◆ **Records for the exercise**:
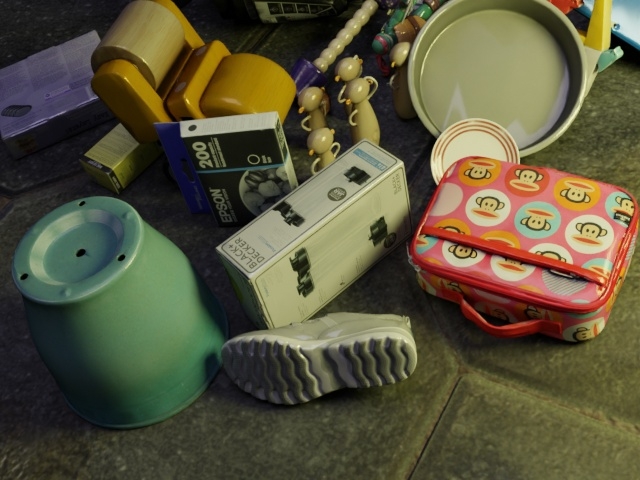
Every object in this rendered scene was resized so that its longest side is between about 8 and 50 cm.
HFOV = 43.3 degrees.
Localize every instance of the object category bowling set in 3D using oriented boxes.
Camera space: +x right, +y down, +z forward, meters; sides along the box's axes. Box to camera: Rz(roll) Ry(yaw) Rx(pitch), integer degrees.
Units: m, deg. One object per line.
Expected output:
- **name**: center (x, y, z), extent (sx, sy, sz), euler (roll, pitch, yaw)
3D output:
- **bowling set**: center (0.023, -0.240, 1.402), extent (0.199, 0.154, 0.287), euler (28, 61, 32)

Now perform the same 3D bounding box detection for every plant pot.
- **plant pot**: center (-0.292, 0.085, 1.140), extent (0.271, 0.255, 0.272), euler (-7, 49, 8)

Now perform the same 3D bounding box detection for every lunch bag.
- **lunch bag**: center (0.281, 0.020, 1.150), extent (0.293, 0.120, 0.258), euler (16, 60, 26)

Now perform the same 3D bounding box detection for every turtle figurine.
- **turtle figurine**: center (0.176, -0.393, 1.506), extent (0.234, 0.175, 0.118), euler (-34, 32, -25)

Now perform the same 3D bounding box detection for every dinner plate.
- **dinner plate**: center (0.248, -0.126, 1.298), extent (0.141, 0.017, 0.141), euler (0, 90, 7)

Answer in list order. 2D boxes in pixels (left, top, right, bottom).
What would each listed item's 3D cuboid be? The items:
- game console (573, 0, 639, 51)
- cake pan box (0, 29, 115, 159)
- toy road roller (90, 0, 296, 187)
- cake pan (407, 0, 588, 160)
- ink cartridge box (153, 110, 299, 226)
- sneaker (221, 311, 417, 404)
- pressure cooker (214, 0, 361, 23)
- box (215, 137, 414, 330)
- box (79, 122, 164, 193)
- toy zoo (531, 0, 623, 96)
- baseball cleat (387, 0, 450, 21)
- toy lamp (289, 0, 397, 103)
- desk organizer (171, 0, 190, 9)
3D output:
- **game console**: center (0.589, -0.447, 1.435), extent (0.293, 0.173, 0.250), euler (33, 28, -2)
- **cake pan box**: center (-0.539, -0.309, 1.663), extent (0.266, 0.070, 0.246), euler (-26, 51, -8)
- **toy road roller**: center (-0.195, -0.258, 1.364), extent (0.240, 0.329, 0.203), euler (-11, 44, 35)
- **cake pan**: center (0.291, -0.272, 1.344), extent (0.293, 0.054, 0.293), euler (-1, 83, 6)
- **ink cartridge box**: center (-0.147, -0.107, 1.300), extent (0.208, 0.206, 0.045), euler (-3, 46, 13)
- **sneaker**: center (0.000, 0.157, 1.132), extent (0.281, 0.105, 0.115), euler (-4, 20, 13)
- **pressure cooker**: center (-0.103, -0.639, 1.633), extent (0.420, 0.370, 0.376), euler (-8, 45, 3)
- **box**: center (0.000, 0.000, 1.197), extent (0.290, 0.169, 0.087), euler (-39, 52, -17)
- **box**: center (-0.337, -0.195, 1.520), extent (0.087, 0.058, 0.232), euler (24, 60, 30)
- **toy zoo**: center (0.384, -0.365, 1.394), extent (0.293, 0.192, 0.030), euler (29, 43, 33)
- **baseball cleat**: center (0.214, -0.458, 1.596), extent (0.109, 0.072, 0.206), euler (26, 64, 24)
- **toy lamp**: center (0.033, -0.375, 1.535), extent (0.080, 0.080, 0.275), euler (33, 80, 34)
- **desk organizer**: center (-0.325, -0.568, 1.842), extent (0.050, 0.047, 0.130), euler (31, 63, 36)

◆ **What needs to be done**: Every line from the first line of the entries above through the line with "- **name**: center" must be repeated exactly, and pictures must not be.

◆ **Exercise solution**:
Every object in this rendered scene was resized so that its longest side is between about 8 and 50 cm.
HFOV = 43.3 degrees.
Localize every instance of the object category bowling set in 3D using oriented boxes.
Camera space: +x right, +y down, +z forward, meters; sides along the box's axes. Box to camera: Rz(roll) Ry(yaw) Rx(pitch), integer degrees.
Units: m, deg. One object per line.
Expected output:
- **name**: center (x, y, z), extent (sx, sy, sz), euler (roll, pitch, yaw)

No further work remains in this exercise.